Ce sont des paysages. Des plaines, des montagnes. Des falaises, des gorges. Des paysages où le ciel tourmenté hésite à rencontrer la terre pour mieux la bouleverser. Où l’air et l’eau luttent ensemble sous le regard de la lumière. De larges perspectives où notre œil se perd, noyés dans la brume et le feu.

De quel monde proviennent-ils avec leurs éléments déchainés, de quel occident, de quel orient, de quelle aube, de quel crépuscule ? L’homme y est absent, trop faible sans doute pour les affronter. Ou sans doute n’est-il pas encore né, ni même imaginé, et la nature règne ici sans partage.

A contempler ces paysages – ou plutôt il semblerait que c’est eux qui viennent vers nous comme pour nous subjuguer – on pense alors au maître de Rembrandt, le peintre et graveur Hercule Seghers, à ses vues visionnaires et fantastiques, ses vues d’un autre monde, si étrangement proches du nôtre cependant. On imagine aussi William Turner, sa palette vigoureuse faite d’orage et de lumière dressés l’un contre l’autre.

Mais peut-être est-ce vers le peintre d’origine chinoise Zao-Wou-Ki qu’il faudrait se tourner, dès lors que ciel et terre paraissent inverser leur course, prendre l’une à l’autre leurs forces pour les soulever au-delà d’elles-mêmes.

C’est aussi qu’il y a de l’élément marin dans les peintures d’André-Marie Ricoux, un fond profond d’océan cherchant sa remontée, à la fois vague, écume et flamme jetées perpétuellement à l’assaut du ciel.

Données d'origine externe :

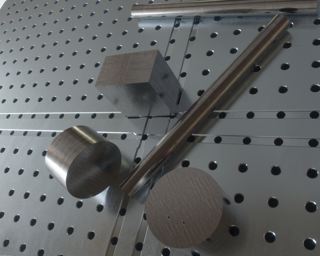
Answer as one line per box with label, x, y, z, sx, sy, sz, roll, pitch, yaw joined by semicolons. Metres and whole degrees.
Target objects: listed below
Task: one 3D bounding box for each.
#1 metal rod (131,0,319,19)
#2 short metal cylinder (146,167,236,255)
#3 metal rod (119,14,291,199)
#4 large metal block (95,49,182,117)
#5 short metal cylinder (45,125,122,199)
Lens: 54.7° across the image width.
metal rod;0.080;-0.185;0.479;0.300;0.025;0.025;11;68;33
short metal cylinder;0.033;0.087;0.322;0.080;0.050;0.080;-13;56;21
metal rod;0.060;-0.031;0.395;0.300;0.025;0.025;-47;51;-5
large metal block;-0.027;-0.057;0.422;0.080;0.080;0.050;0;62;28
short metal cylinder;-0.097;0.043;0.398;0.050;0.080;0.080;29;78;37
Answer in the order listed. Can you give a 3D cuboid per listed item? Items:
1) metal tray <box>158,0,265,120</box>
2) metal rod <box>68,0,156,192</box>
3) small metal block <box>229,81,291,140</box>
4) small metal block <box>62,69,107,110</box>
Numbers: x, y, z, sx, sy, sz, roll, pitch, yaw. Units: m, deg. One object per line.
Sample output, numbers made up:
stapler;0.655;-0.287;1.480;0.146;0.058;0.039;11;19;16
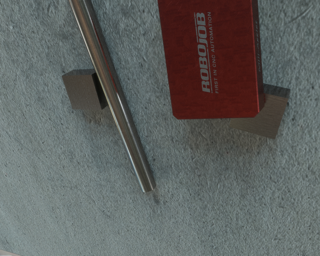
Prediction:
metal tray;0.052;-0.075;0.310;0.090;0.030;0.129;-1;105;28
metal rod;-0.059;-0.041;0.410;0.025;0.025;0.298;-4;117;29
small metal block;0.108;-0.021;0.337;0.050;0.025;0.050;17;125;18
small metal block;-0.100;-0.053;0.425;0.050;0.025;0.050;3;120;26
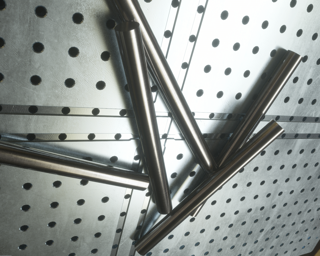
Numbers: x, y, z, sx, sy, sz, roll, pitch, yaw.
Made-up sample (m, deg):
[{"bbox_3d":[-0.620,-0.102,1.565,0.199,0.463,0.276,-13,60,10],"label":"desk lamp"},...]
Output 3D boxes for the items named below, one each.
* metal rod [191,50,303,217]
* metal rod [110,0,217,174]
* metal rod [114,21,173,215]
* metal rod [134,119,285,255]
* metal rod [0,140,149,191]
[{"bbox_3d":[0.124,0.017,0.488,0.025,0.025,0.299,19,108,-36],"label":"metal rod"},{"bbox_3d":[0.018,-0.037,0.397,0.025,0.025,0.300,-35,129,-5],"label":"metal rod"},{"bbox_3d":[-0.012,0.014,0.398,0.025,0.025,0.299,-23,131,-15],"label":"metal rod"},{"bbox_3d":[0.070,0.099,0.485,0.299,0.025,0.025,-45,130,12],"label":"metal rod"},{"bbox_3d":[-0.139,0.037,0.357,0.302,0.025,0.025,19,108,-36],"label":"metal rod"}]
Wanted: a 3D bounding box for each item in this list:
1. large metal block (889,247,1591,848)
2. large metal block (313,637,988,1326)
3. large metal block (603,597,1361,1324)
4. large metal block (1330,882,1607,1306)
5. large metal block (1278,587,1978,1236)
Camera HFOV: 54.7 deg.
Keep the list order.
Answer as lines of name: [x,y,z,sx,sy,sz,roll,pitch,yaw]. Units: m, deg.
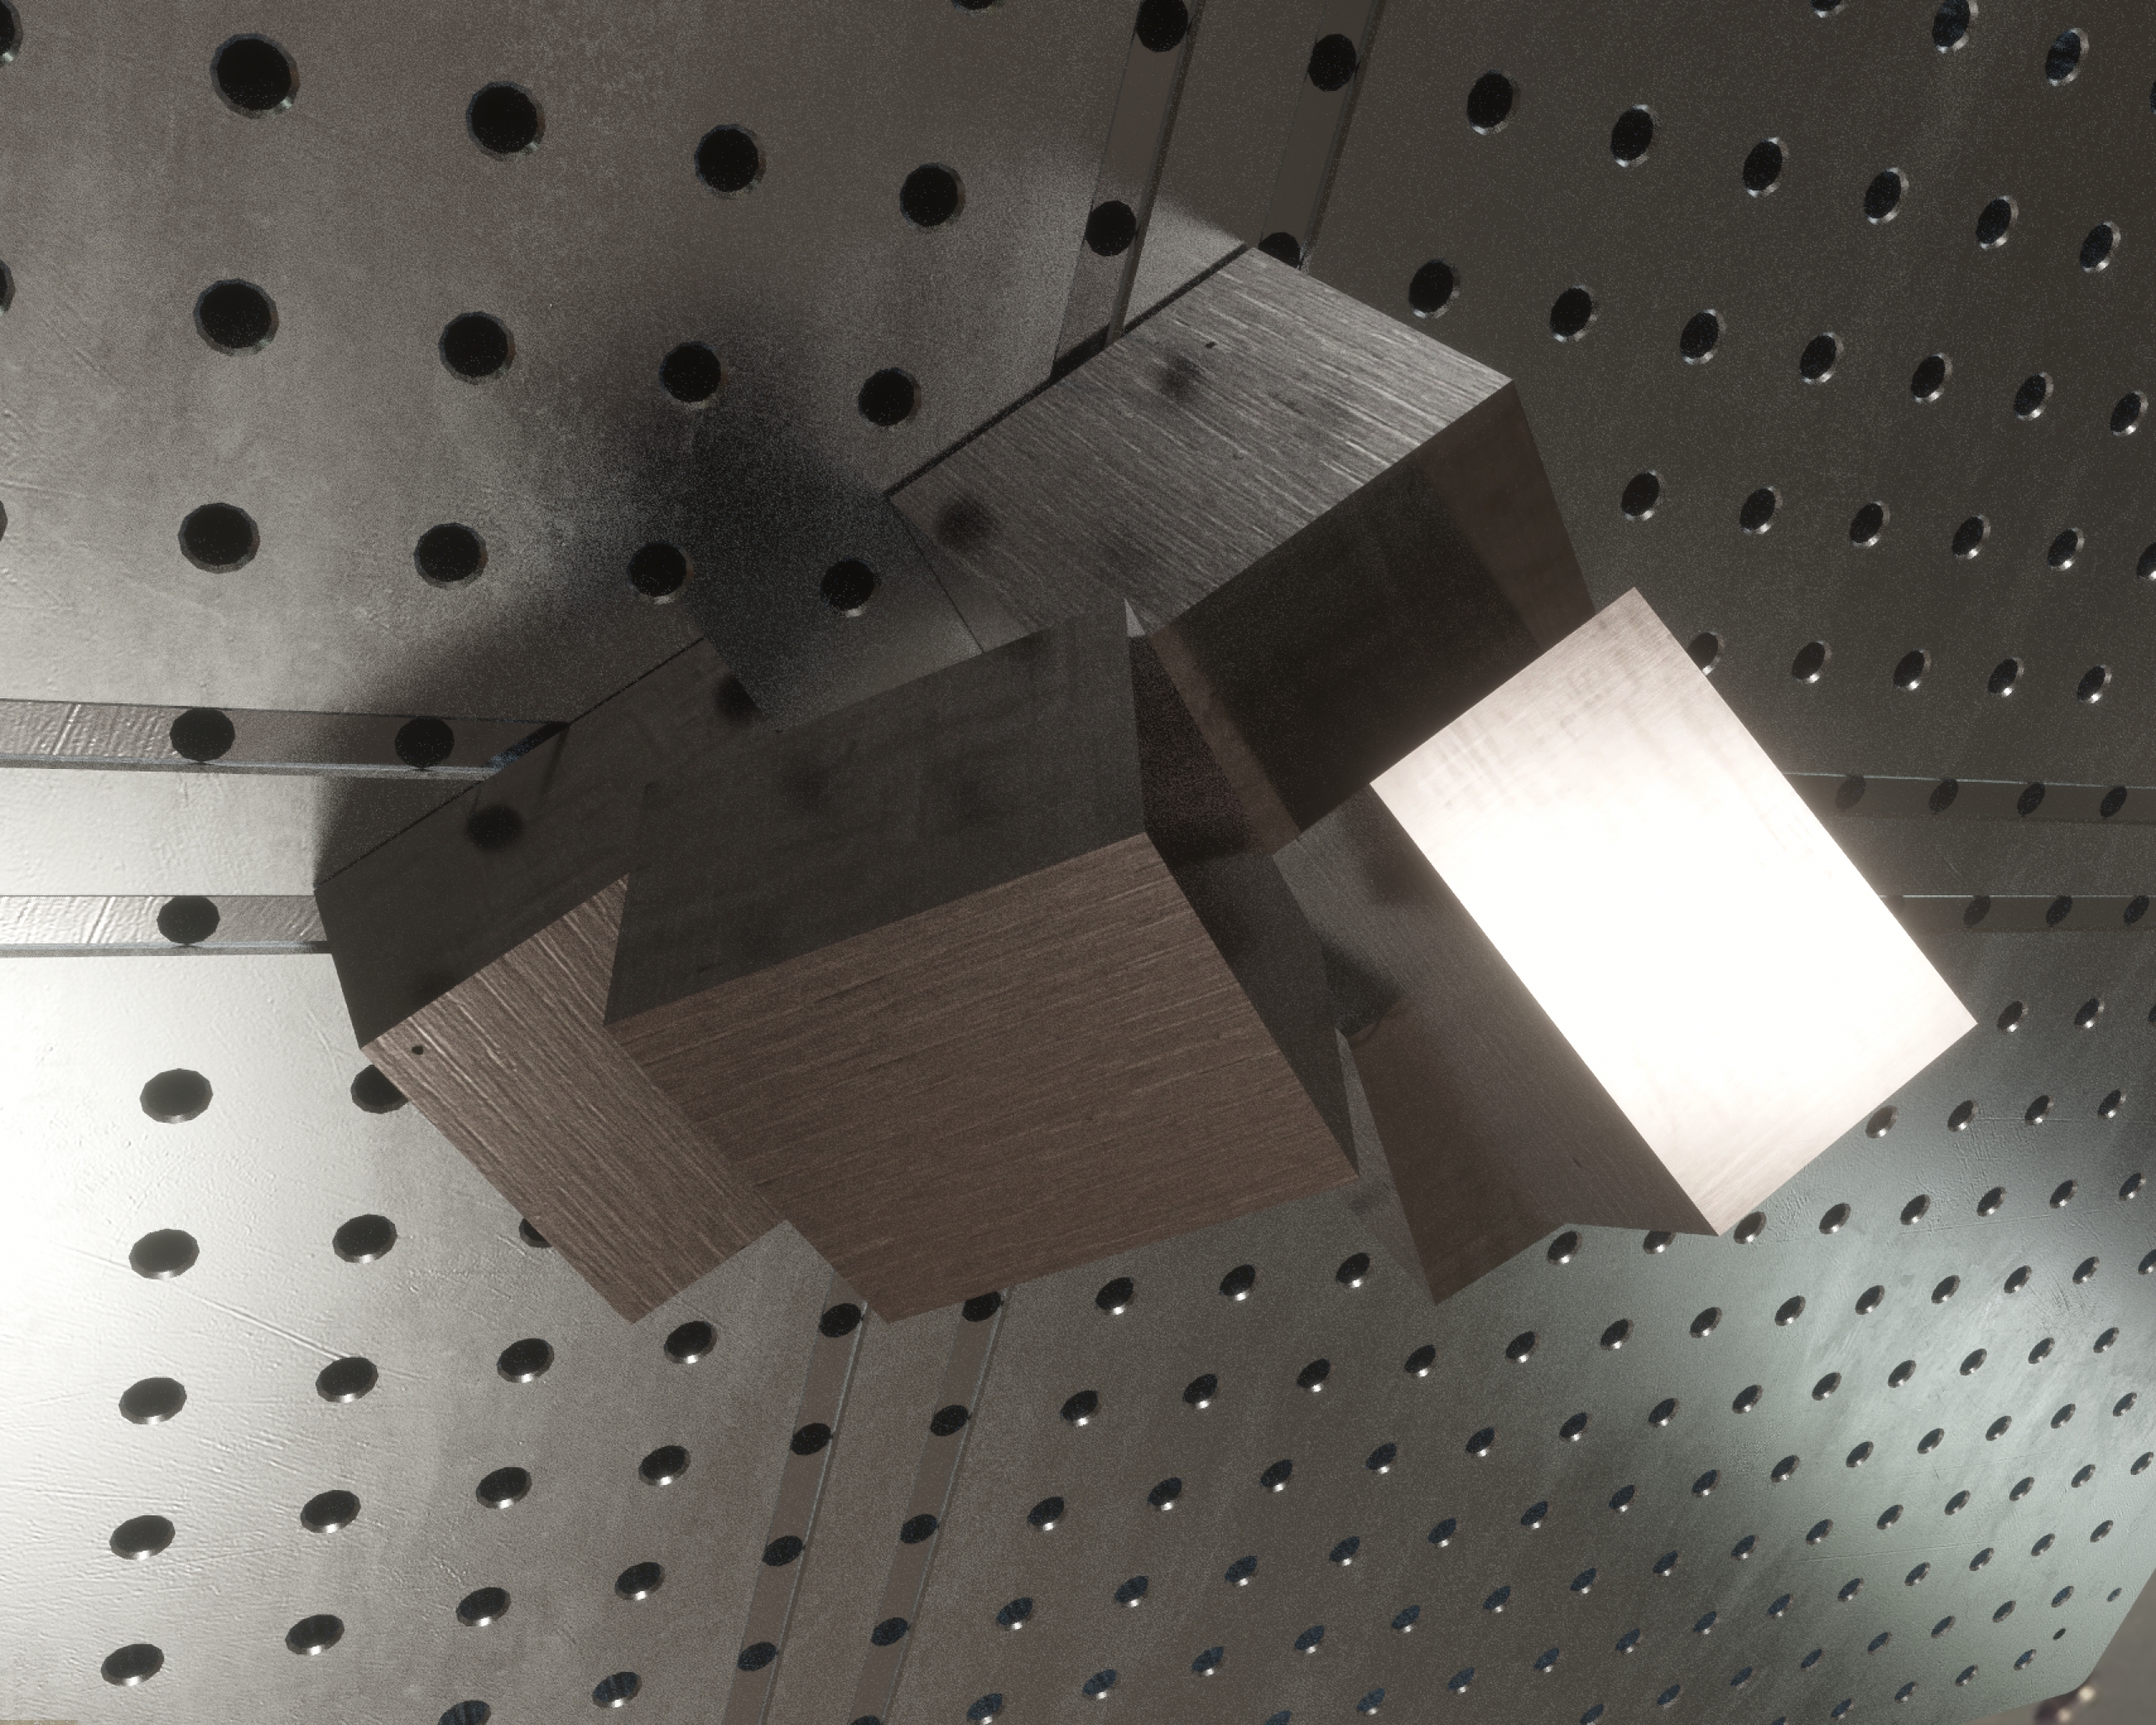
large metal block: [0.026,-0.052,0.357,0.080,0.080,0.050,-36,129,-5]
large metal block: [-0.072,0.021,0.369,0.080,0.050,0.080,-34,129,-6]
large metal block: [-0.012,0.018,0.316,0.080,0.050,0.080,-20,131,15]
large metal block: [0.064,0.029,0.428,0.050,0.080,0.080,-30,129,-10]
large metal block: [0.081,0.012,0.337,0.050,0.080,0.080,-37,87,-10]
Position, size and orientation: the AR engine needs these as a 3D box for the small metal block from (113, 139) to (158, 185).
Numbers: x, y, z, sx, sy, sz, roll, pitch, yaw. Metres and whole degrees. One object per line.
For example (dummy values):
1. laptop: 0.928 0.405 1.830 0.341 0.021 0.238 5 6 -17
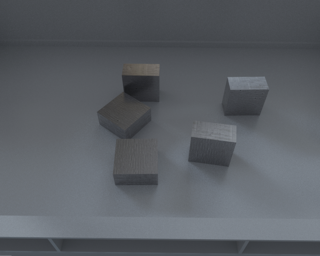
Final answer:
1. small metal block: -0.028 0.040 0.371 0.050 0.025 0.050 0 50 -1

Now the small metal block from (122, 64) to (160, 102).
1. small metal block: -0.026 -0.064 0.442 0.050 0.050 0.025 1 50 1

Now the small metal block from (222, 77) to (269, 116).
1. small metal block: 0.116 -0.043 0.426 0.050 0.050 0.025 -1 50 -1

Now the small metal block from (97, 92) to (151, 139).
1. small metal block: -0.047 -0.016 0.418 0.050 0.025 0.050 32 57 24

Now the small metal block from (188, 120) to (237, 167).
1. small metal block: 0.062 0.019 0.373 0.050 0.050 0.025 7 51 6
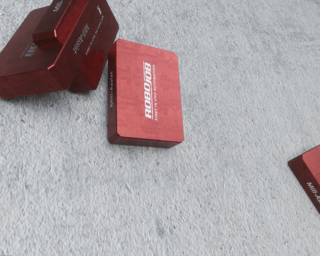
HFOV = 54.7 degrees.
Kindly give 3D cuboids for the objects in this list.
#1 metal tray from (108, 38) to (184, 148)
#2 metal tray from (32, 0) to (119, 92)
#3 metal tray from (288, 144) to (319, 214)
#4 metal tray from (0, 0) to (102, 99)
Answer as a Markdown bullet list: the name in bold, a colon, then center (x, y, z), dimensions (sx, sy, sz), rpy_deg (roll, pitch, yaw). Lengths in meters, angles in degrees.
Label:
- **metal tray**: center (-0.019, -0.043, 0.398), dimensions (0.091, 0.030, 0.129), rpy_deg (7, 69, -28)
- **metal tray**: center (-0.097, -0.120, 0.386), dimensions (0.030, 0.090, 0.130), rpy_deg (-4, 52, 20)
- **metal tray**: center (0.273, 0.092, 0.491), dimensions (0.091, 0.030, 0.130), rpy_deg (-17, 71, -35)
- **metal tray**: center (-0.128, -0.094, 0.352), dimensions (0.090, 0.030, 0.130), rpy_deg (-5, 50, 20)
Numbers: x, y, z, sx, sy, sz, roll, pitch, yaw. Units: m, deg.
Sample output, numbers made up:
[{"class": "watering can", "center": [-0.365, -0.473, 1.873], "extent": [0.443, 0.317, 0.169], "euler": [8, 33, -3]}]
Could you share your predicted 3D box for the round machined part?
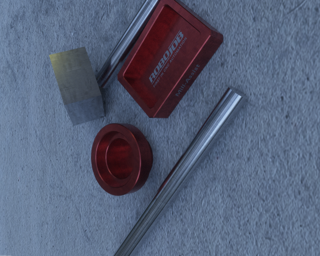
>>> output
[{"class": "round machined part", "center": [-0.048, 0.042, 0.432], "extent": [0.098, 0.042, 0.097], "euler": [0, 90, 39]}]

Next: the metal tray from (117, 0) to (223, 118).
[{"class": "metal tray", "center": [0.007, -0.087, 0.393], "extent": [0.090, 0.030, 0.129], "euler": [50, 119, 28]}]

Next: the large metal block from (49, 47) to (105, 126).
[{"class": "large metal block", "center": [-0.120, -0.059, 0.459], "extent": [0.080, 0.050, 0.080], "euler": [108, 143, -69]}]

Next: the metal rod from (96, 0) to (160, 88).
[{"class": "metal rod", "center": [-0.004, -0.169, 0.406], "extent": [0.299, 0.025, 0.025], "euler": [-49, 61, 28]}]

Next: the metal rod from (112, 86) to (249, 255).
[{"class": "metal rod", "center": [0.012, 0.078, 0.392], "extent": [0.025, 0.025, 0.298], "euler": [46, 117, 30]}]

Mouvement sous-terrain, sous-marin émergeant en plein jour.

Et l’on comprend soudain que, mieux qu’à des paysages de la nature, nous assistons au déploiement sur la toile de paysages intérieurs, d’un pays intérieur, dont chaque tourment, chaque tempête, chaque paix retrouvée appartient à l’artiste, à cet appel des éléments cherchant à se libérer, à s’unir peut-être, mais sans jamais se confondre sous le pinceau, à cet appel où, à notre tour, nous sommes convoqués : spectacle intime et magnifique, sans cesse au bord d’on ne sait quel chaos, mais où toujours finissent par l’emporter l’ordre, la lumière et la couleur pour notre plus grande délectation.

 

Olivier Rasimi

THE INNER COUNTRY

Landscapes...from vast plains to mountains, cliffs and valleys, all coupled with a tormented sky, which momentarily hesitates to touch the earth; and in doing so, the impact of the elements, where air and water struggle under an omnipresent light drowned in mists and fire, create a perspective which seems endless.

What are the origins of these unchained elements? From which west , or which east, or which dawn or dusk are they drawn? In these desolate wild places human beings are absent, certainly too weak and too small to affront the tremendous forces of nature; or perhaps humans have simply not yet been imagined in a world where nature reigns unchallenged.

In contemplation of these landscapes, or rather where the landscapes capture and imprison our regard, we are constantly reminded of old masters such as the pupil of Rembrandt, the painter and engraver Hercle Seghers, whose visionary images of a world of fantasy are strangely close to our own.  We can equally imagine the dramatic paintings of William Turner in which the forces of nature, storm and light,  play a menacing game on our senses and perceptions.

We may equally find echoes in the works of the Chinese artist Zao Wou Ki,  where again sky and earth seem to be reversed in a turbulent struggle whereby each element attempts to overcome the other, and in doing so finally create a tempestuous harmony.

It is with these references and his relationship with the sea that the artist André Marie Ricoux plunges his sensitivity into the oceans, and thus propels the ocean depths, its waves and deep mists, into the horizons of his canvas.

Consequently, we begin to apprehend the real meaning of his landscapes. In reality, we assist in the deployment of a more interior and deeper personal landscape, an inner country.  A tormented place where each storm and ray of light belong to the artist himself.  It is in this context, and with every stroke of his brush, that the artist invites us to partake of a magnificent, yet intimate communion.  A communion where out of chaos comes natural order and we find ourselves in a place where light and color unify, leading us to a greater introspection and finally to a deeper state of satisfaction.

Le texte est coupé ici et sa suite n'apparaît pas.